3.2.1 Dependent variables

The dependent variable is SWB. In this study, we used Diner’s classic definition of SWB, which is “the overall perception of how people measure their lives in the present or a past period” (56). Concerning previous research on SWB in older adults (1, 57), we also operationalized SWB as an individual’s overall perception of his or her experience of happiness using ‘affective well-being’ (i.e., emphasizing an individual’s positive affective experiences), and scores were calculated using a Likert scale. The questionnaire measured SWB through the question “Overall, do you feel that you are happy in your life?,” which was coded as a continuous variable (1 = very unhappy, 5 = very happy), with higher scores representing greater happiness.

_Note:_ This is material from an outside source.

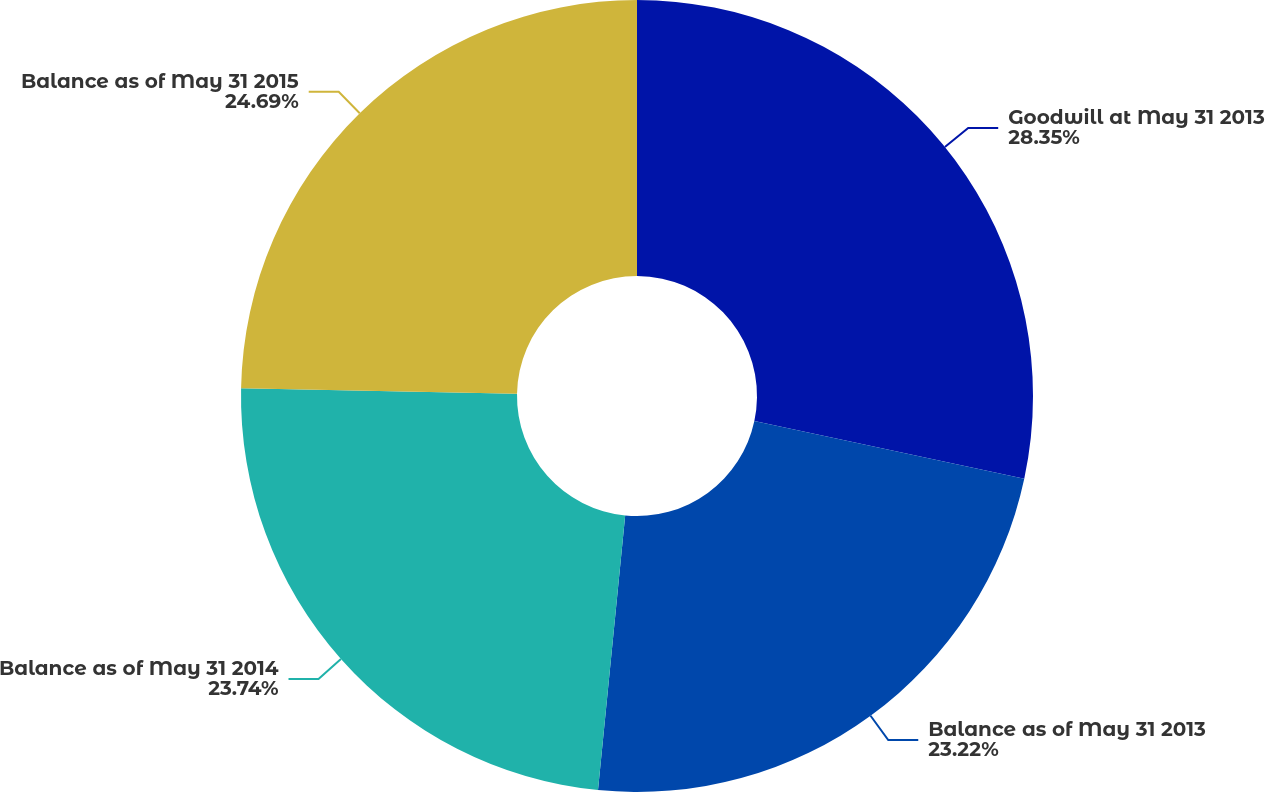Convert chart. <chart><loc_0><loc_0><loc_500><loc_500><pie_chart><fcel>Goodwill at May 31 2013<fcel>Balance as of May 31 2013<fcel>Balance as of May 31 2014<fcel>Balance as of May 31 2015<nl><fcel>28.35%<fcel>23.22%<fcel>23.74%<fcel>24.69%<nl></chart>

3.2.2 Independent variables

3.2.2.1 Number of children

Based on the operationalization of the question “How many children do you have?” in the questionnaire, the “Number of sons” and “Number of daughters” reported by the respondents were coded as continuous variables.

3.2.2.2 Relatives’ interactions

The questionnaire asked respondents to report “In the past year, how often did you meet with relatives who did not live with you in your free time?” (1 = never, 5 = daily), We coded respondents’ answers based on a Likert scale, the higher scores, the higher interactions.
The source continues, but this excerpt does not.